Saved entries
= Beginning of Section =

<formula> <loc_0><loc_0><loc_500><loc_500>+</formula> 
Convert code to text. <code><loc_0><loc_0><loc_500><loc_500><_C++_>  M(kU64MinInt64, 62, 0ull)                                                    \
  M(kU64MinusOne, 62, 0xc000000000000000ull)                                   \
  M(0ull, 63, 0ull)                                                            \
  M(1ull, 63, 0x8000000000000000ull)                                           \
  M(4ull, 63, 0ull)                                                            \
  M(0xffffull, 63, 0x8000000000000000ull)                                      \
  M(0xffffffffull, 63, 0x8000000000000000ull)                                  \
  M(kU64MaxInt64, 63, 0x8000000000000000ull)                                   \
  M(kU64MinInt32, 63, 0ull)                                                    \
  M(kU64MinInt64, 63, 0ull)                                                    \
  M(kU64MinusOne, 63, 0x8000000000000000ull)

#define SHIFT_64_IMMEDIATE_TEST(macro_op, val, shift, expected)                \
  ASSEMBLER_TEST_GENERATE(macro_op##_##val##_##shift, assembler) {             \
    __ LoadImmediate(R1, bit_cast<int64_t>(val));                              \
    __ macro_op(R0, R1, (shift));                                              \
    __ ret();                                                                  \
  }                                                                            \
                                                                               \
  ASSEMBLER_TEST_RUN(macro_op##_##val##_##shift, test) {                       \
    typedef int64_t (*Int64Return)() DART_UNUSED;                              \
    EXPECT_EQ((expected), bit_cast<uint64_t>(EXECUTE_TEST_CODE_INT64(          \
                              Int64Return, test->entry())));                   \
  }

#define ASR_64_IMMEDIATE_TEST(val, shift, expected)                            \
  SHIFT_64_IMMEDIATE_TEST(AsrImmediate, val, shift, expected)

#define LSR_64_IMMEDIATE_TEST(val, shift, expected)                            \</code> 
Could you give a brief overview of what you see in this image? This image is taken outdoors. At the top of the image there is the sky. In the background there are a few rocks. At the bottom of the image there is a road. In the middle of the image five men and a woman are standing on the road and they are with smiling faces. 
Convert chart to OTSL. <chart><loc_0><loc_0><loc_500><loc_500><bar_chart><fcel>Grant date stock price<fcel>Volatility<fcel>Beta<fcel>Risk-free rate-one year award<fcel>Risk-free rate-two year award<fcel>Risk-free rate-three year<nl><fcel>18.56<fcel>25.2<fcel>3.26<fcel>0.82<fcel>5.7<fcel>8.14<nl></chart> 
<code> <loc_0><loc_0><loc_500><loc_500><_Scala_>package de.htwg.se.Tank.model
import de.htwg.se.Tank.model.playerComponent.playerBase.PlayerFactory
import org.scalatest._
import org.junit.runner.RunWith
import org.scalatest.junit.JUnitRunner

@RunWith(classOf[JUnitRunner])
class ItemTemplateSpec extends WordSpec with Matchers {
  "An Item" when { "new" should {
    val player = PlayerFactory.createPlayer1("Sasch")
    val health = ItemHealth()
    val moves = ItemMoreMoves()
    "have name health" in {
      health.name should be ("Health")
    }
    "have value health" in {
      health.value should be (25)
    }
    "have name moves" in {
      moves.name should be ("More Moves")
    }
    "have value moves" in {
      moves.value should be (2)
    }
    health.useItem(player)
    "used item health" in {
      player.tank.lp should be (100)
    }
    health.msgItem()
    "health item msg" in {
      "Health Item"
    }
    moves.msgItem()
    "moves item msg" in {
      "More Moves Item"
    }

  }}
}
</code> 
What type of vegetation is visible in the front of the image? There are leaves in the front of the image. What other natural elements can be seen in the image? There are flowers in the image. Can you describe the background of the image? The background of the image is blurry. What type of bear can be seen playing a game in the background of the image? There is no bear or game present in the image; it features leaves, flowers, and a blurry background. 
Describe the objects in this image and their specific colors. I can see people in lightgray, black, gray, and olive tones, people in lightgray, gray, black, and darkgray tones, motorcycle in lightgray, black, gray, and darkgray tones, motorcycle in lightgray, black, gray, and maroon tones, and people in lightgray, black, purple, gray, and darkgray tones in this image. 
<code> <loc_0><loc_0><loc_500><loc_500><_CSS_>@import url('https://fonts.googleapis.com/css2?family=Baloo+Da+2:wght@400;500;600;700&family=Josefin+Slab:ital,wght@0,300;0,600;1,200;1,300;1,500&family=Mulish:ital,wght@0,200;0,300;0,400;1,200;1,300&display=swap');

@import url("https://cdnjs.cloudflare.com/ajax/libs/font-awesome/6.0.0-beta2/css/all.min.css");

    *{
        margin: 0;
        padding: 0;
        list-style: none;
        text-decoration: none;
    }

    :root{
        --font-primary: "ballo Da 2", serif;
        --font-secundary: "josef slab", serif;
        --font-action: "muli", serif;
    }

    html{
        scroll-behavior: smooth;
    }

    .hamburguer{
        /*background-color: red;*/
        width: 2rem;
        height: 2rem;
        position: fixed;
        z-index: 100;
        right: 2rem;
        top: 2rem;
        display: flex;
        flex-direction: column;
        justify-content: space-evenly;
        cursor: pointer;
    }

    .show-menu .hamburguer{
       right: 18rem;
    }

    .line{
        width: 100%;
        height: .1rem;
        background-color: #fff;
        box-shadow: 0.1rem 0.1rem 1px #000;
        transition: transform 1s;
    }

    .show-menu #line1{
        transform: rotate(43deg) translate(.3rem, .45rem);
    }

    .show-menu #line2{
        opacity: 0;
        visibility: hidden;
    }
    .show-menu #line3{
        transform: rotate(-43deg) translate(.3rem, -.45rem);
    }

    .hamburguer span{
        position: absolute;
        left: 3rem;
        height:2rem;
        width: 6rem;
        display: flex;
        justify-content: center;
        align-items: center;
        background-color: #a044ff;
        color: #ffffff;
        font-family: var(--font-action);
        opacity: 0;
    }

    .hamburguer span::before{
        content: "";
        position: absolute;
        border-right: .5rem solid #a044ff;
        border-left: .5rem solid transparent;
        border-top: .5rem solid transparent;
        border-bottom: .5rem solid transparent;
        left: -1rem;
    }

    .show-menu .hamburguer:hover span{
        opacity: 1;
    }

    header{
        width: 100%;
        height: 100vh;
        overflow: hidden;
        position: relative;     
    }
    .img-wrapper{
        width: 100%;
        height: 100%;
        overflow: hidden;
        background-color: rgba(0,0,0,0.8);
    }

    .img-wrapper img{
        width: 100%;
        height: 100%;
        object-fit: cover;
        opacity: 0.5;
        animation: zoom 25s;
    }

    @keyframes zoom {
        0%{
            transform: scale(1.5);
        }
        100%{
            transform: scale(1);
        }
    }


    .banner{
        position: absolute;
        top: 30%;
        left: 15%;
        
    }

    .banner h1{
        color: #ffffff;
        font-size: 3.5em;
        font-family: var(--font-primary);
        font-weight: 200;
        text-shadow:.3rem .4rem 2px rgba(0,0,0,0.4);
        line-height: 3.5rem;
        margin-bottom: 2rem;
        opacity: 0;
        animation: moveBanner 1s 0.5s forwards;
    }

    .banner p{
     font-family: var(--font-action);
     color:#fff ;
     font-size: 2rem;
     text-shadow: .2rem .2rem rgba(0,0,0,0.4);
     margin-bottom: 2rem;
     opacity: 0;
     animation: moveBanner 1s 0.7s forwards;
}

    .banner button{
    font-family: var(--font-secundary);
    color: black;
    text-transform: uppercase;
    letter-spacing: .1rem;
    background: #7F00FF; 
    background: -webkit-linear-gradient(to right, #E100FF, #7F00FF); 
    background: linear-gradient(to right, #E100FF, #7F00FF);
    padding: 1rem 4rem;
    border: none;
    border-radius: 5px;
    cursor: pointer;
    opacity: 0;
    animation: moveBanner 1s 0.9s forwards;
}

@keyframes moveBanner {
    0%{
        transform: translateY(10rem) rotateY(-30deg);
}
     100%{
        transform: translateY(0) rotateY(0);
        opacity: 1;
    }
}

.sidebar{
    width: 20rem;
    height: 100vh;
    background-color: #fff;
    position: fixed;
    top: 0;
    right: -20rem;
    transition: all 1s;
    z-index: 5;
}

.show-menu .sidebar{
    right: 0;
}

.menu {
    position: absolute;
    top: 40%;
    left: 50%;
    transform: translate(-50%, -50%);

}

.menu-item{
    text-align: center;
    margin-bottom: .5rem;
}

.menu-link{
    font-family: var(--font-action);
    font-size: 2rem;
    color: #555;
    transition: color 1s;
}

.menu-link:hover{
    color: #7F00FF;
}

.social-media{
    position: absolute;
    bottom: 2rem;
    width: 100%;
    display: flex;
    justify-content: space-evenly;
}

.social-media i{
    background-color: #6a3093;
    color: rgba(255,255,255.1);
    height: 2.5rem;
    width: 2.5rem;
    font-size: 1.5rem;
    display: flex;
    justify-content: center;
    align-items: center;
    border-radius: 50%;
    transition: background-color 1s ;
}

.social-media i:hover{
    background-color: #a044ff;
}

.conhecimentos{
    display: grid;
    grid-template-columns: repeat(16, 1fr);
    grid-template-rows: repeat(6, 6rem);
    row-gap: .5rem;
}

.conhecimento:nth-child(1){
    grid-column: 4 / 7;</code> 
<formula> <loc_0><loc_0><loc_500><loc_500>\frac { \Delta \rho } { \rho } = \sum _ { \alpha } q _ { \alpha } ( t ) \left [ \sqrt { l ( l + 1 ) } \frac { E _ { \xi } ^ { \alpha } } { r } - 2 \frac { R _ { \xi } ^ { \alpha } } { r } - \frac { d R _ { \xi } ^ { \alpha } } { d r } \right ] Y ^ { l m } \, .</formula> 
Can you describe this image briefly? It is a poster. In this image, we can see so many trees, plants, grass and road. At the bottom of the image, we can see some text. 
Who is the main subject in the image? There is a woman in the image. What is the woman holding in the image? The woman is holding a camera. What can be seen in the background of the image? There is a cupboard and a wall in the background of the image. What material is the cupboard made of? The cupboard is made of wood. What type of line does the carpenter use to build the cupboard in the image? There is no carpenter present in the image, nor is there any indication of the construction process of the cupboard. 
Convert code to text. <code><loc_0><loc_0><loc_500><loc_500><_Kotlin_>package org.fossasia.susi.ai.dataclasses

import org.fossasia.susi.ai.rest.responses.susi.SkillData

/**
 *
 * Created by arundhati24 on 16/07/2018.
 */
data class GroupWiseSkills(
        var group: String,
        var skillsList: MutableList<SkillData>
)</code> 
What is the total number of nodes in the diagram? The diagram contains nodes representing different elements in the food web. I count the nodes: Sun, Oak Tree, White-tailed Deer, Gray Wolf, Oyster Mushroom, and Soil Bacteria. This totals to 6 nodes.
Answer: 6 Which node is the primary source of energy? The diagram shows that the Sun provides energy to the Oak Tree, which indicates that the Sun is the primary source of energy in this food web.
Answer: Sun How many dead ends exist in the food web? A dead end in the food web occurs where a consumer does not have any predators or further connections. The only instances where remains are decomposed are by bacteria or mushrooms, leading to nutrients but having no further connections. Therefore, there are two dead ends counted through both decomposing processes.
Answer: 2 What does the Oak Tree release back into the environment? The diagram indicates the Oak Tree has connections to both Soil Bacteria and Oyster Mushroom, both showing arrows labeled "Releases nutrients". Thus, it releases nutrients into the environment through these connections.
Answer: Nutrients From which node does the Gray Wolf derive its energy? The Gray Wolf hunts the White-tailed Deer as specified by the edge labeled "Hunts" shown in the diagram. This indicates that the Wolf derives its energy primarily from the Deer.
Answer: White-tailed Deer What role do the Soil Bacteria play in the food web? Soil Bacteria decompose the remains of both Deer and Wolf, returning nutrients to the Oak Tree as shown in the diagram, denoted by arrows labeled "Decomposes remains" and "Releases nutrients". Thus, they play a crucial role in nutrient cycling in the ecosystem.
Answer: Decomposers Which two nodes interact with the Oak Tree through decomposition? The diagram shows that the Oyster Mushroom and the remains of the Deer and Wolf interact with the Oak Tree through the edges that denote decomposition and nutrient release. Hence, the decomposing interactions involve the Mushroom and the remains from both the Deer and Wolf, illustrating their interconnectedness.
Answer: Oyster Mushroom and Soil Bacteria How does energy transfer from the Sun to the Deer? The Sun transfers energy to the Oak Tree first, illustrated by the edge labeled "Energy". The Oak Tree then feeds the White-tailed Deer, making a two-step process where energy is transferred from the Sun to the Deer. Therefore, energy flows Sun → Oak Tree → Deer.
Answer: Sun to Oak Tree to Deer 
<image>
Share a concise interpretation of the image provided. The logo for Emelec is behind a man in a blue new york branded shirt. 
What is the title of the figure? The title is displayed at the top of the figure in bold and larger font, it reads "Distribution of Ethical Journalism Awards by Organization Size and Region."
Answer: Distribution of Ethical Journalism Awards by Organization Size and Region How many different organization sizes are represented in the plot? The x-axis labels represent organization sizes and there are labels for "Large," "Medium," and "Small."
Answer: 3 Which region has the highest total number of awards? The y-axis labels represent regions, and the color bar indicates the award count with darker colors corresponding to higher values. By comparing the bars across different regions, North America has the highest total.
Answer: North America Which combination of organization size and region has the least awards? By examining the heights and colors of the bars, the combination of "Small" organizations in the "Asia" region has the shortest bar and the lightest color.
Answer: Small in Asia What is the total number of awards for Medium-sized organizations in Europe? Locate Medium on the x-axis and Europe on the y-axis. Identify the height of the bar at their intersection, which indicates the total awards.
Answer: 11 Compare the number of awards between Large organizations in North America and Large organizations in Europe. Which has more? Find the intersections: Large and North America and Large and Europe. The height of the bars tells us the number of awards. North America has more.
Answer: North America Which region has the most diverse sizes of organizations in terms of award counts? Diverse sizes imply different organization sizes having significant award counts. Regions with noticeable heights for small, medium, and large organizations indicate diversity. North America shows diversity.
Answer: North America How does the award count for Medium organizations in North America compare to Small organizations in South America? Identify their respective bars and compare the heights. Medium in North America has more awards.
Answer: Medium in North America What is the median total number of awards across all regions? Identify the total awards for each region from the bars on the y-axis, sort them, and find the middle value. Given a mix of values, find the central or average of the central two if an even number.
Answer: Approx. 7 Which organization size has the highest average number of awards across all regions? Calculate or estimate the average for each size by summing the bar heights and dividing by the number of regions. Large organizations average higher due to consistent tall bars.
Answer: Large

= End of Section =

YOUR GOAL — Search the data and copy each line containing "shadow".

ANSWER SECTION —
        box-shadow: 0.1rem 0.1rem 1px #000;
        text-shadow:.3rem .4rem 2px rgba(0,0,0,0.4);
     text-shadow: .2rem .2rem rgba(0,0,0,0.4);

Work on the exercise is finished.